• _GOAL OF THE EXERCISE_
Read the lines below. Copy out any that hold the string "type".

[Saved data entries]
<<<<

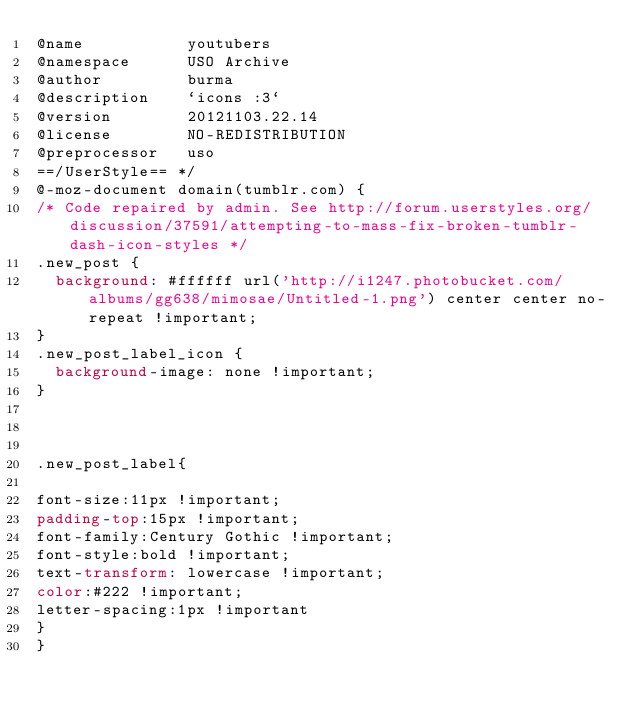<code> <loc_0><loc_0><loc_500><loc_500><_CSS_>@name           youtubers
@namespace      USO Archive
@author         burma
@description    `icons :3`
@version        20121103.22.14
@license        NO-REDISTRIBUTION
@preprocessor   uso
==/UserStyle== */
@-moz-document domain(tumblr.com) {
/* Code repaired by admin. See http://forum.userstyles.org/discussion/37591/attempting-to-mass-fix-broken-tumblr-dash-icon-styles */
.new_post {
	background: #ffffff url('http://i1247.photobucket.com/albums/gg638/mimosae/Untitled-1.png') center center no-repeat !important;
}
.new_post_label_icon {
	background-image: none !important;
}



.new_post_label{

font-size:11px !important;
padding-top:15px !important;
font-family:Century Gothic !important;
font-style:bold !important;
text-transform: lowercase !important;
color:#222 !important;
letter-spacing:1px !important
}
}</code> 
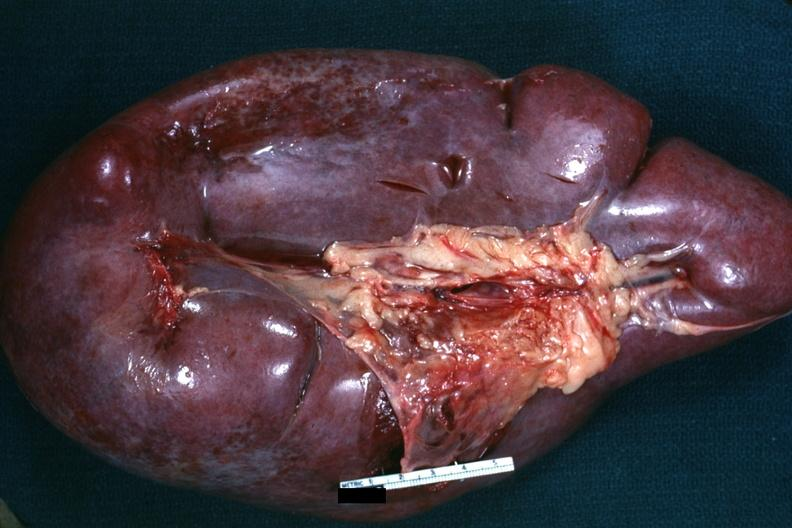what is present?
Answer the question using a single word or phrase. Acute myelogenous leukemia 
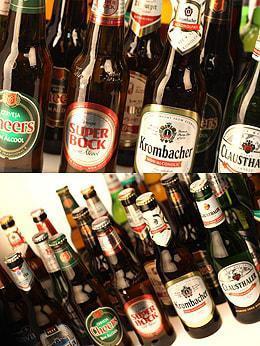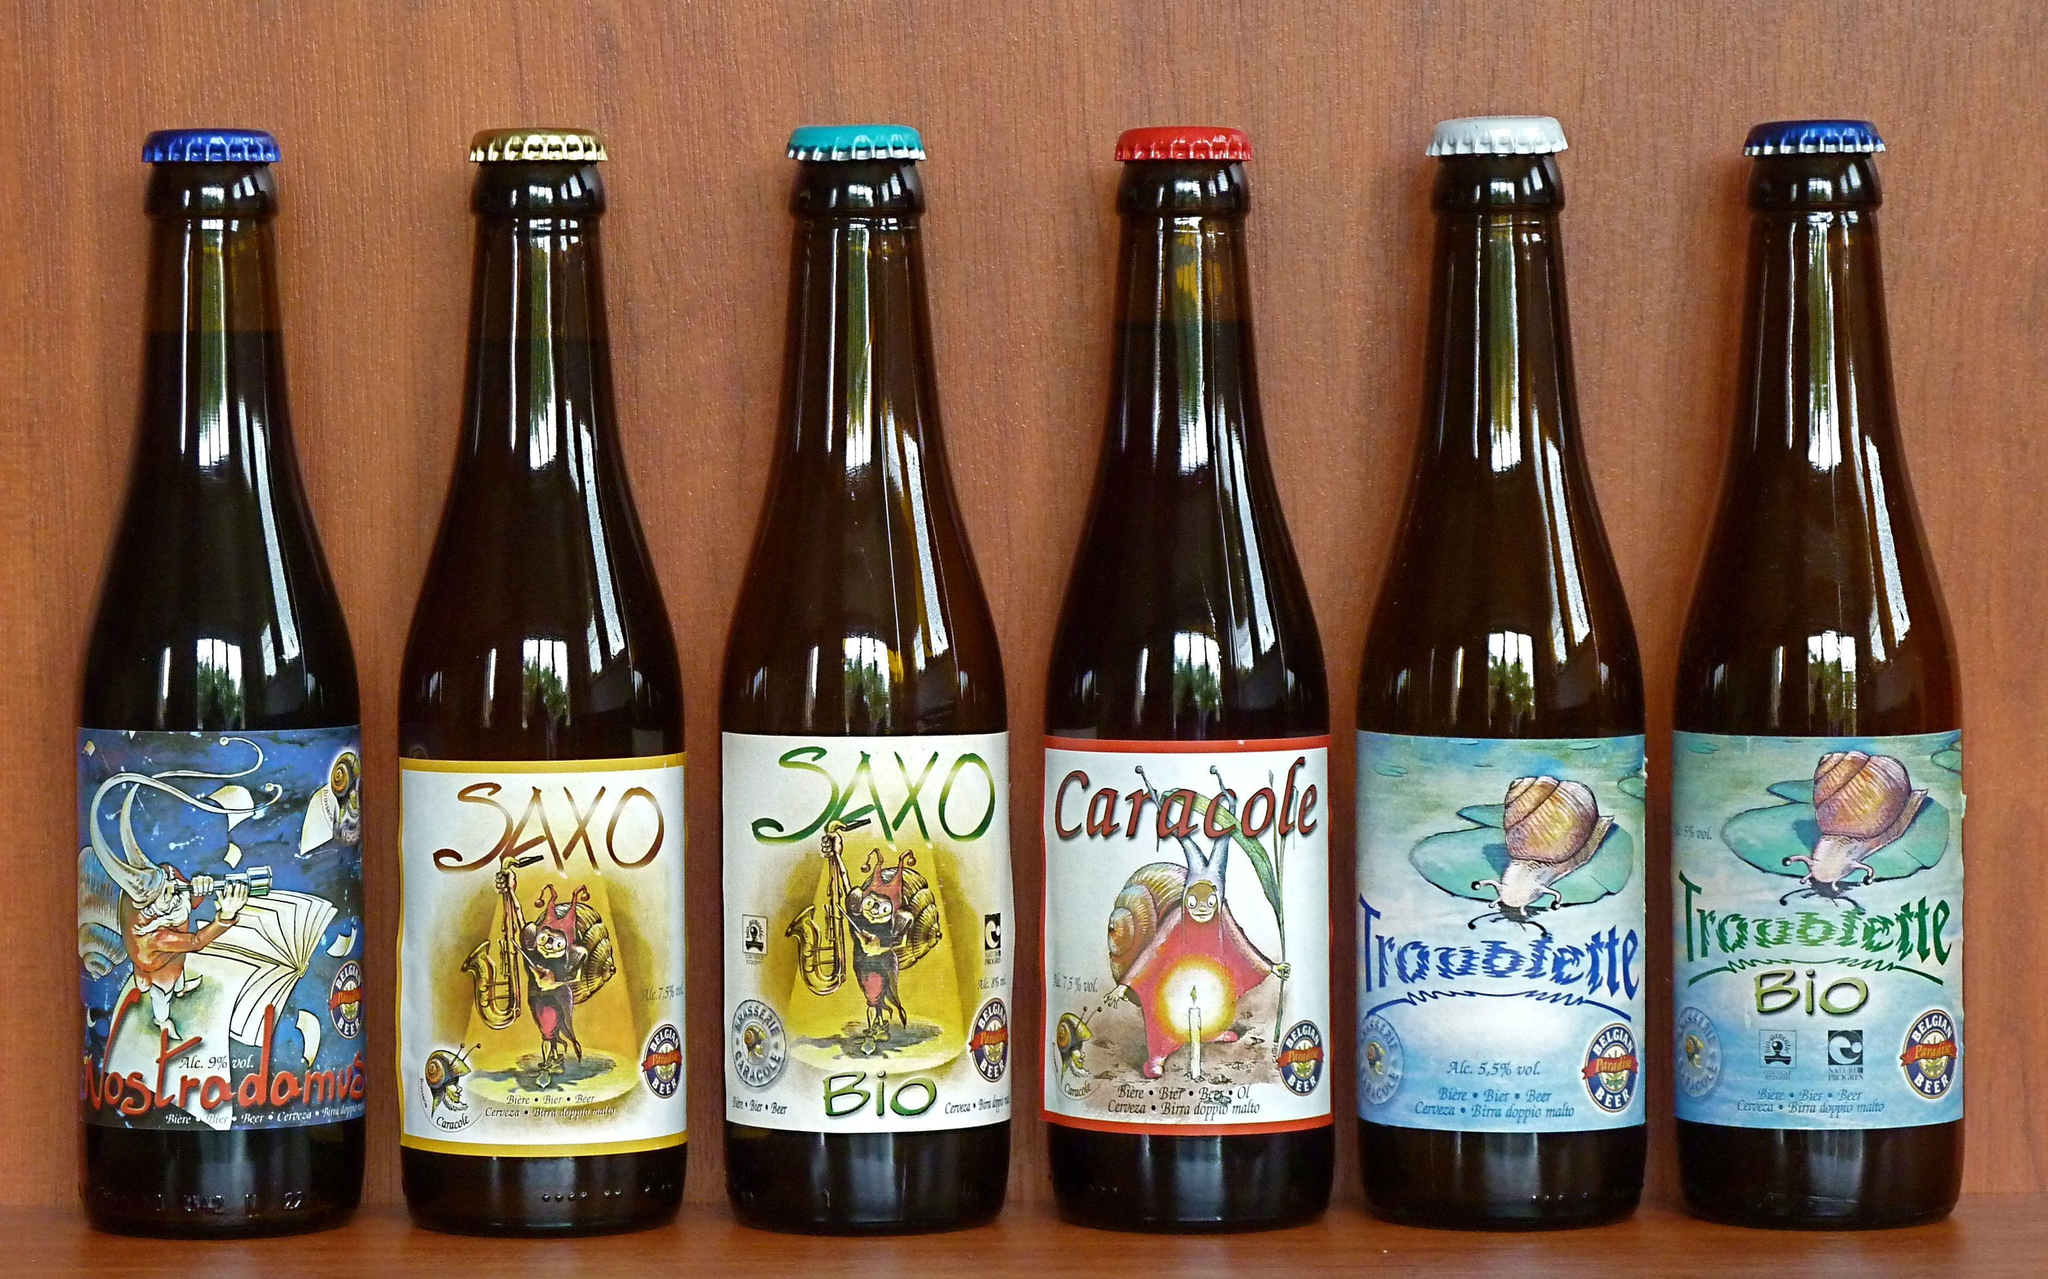The first image is the image on the left, the second image is the image on the right. For the images displayed, is the sentence "One of the images includes fewer than eight bottles in total." factually correct? Answer yes or no. Yes. 
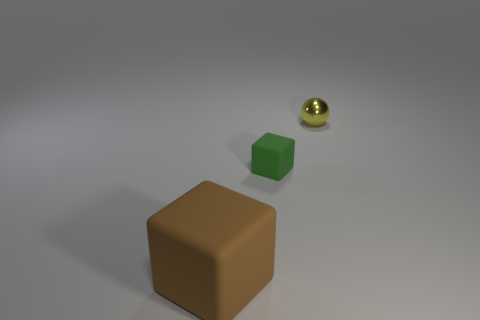Add 3 brown rubber cubes. How many objects exist? 6 Subtract all brown cubes. How many cubes are left? 1 Subtract all large brown rubber objects. Subtract all small green things. How many objects are left? 1 Add 2 large brown rubber things. How many large brown rubber things are left? 3 Add 2 large yellow cubes. How many large yellow cubes exist? 2 Subtract 0 green spheres. How many objects are left? 3 Subtract all cubes. How many objects are left? 1 Subtract all brown blocks. Subtract all blue cylinders. How many blocks are left? 1 
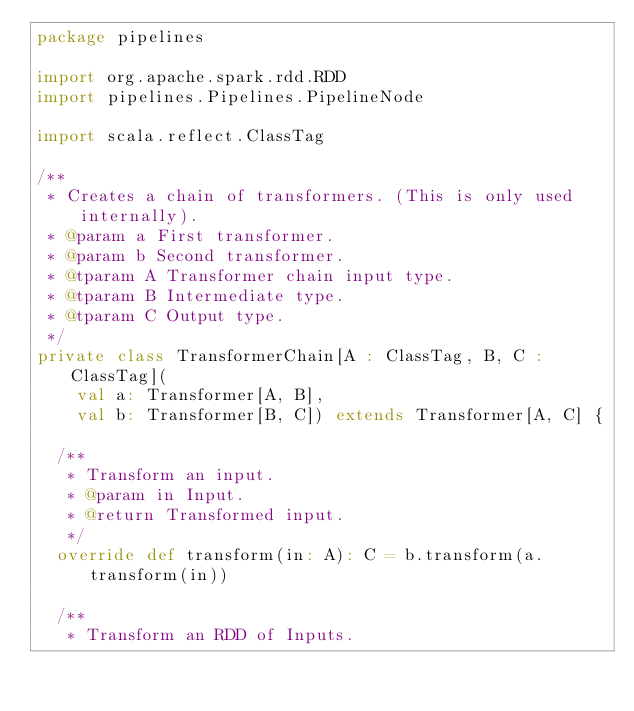Convert code to text. <code><loc_0><loc_0><loc_500><loc_500><_Scala_>package pipelines

import org.apache.spark.rdd.RDD
import pipelines.Pipelines.PipelineNode

import scala.reflect.ClassTag

/**
 * Creates a chain of transformers. (This is only used internally).
 * @param a First transformer.
 * @param b Second transformer.
 * @tparam A Transformer chain input type.
 * @tparam B Intermediate type.
 * @tparam C Output type.
 */
private class TransformerChain[A : ClassTag, B, C : ClassTag](
    val a: Transformer[A, B],
    val b: Transformer[B, C]) extends Transformer[A, C] {

  /**
   * Transform an input.
   * @param in Input.
   * @return Transformed input.
   */
  override def transform(in: A): C = b.transform(a.transform(in))

  /**
   * Transform an RDD of Inputs.</code>

>>>>

• _SOLUTION TO THIS EXERCISE_
 * @tparam A Transformer chain input type.
 * @tparam B Intermediate type.
 * @tparam C Output type.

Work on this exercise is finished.